Data extract START
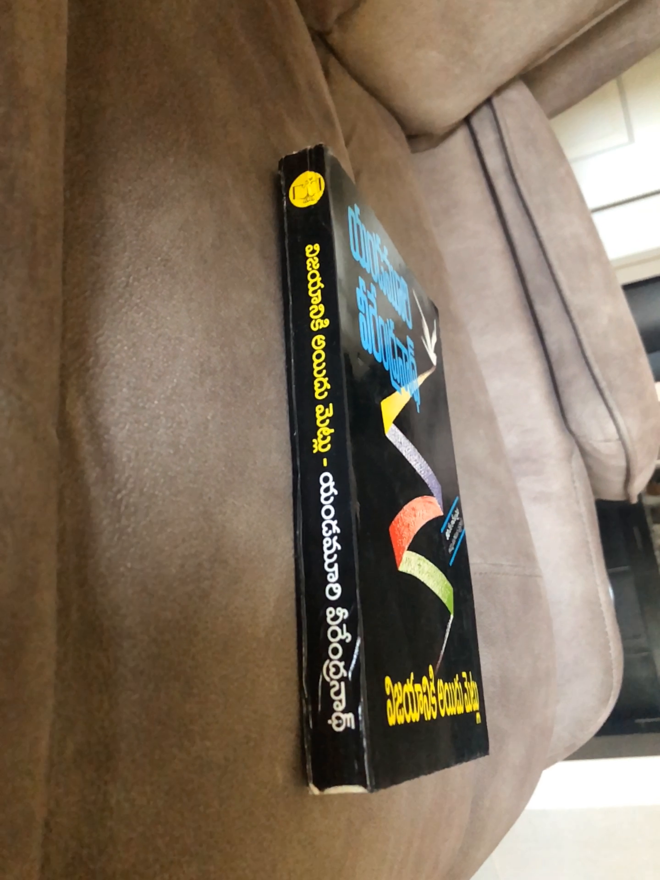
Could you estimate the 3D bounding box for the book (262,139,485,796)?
[{"bbox_3d":[0.021,0.016,0.292,0.145,0.026,0.212,36,48,-60],"label":"book"}]
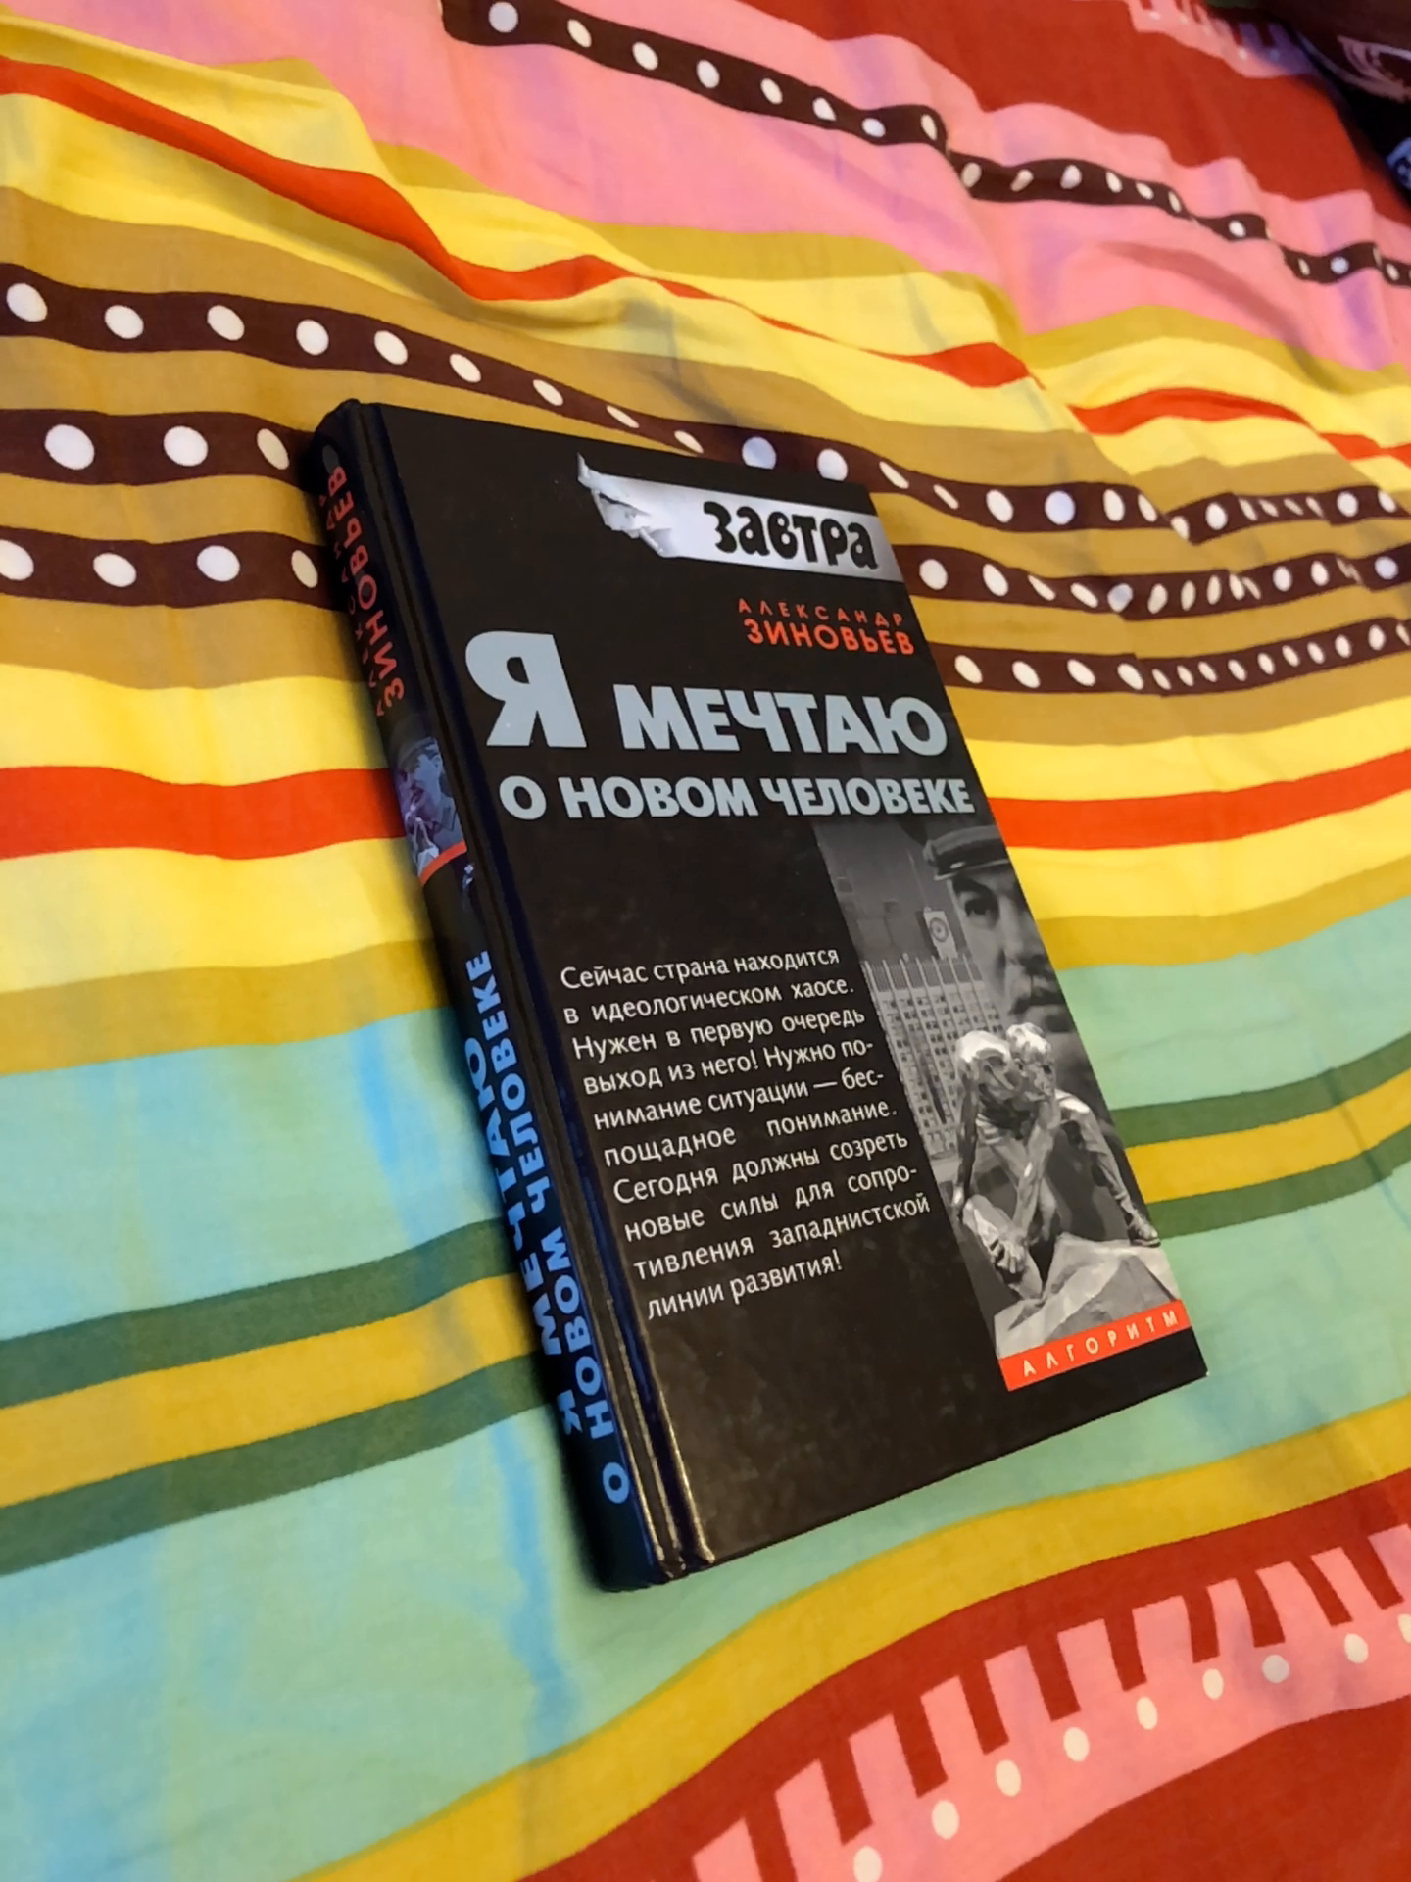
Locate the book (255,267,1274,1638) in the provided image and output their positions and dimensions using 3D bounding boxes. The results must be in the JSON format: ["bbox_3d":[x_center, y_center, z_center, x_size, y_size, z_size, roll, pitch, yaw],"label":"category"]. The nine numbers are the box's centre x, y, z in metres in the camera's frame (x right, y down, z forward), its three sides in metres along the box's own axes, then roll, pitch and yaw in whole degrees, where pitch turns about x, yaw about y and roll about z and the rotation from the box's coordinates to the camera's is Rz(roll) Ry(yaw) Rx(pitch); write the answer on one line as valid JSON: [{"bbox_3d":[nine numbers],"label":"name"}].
[{"bbox_3d":[0.011,-0.011,0.287,0.141,0.030,0.220,-4,69,-38],"label":"book"}]
Data extract END
● Required work
What is needed here is an exact repetition of the listing above, pictures excluded.

● Your response
Could you estimate the 3D bounding box for the book (262,139,485,796)?
[{"bbox_3d":[0.021,0.016,0.292,0.145,0.026,0.212,36,48,-60],"label":"book"}]
Locate the book (255,267,1274,1638) in the provided image and output their positions and dimensions using 3D bounding boxes. The results must be in the JSON format: ["bbox_3d":[x_center, y_center, z_center, x_size, y_size, z_size, roll, pitch, yaw],"label":"category"]. The nine numbers are the box's centre x, y, z in metres in the camera's frame (x right, y down, z forward), its three sides in metres along the box's own axes, then roll, pitch and yaw in whole degrees, where pitch turns about x, yaw about y and roll about z and the rotation from the box's coordinates to the camera's is Rz(roll) Ry(yaw) Rx(pitch); write the answer on one line as valid JSON: [{"bbox_3d":[nine numbers],"label":"name"}].
[{"bbox_3d":[0.011,-0.011,0.287,0.141,0.030,0.220,-4,69,-38],"label":"book"}]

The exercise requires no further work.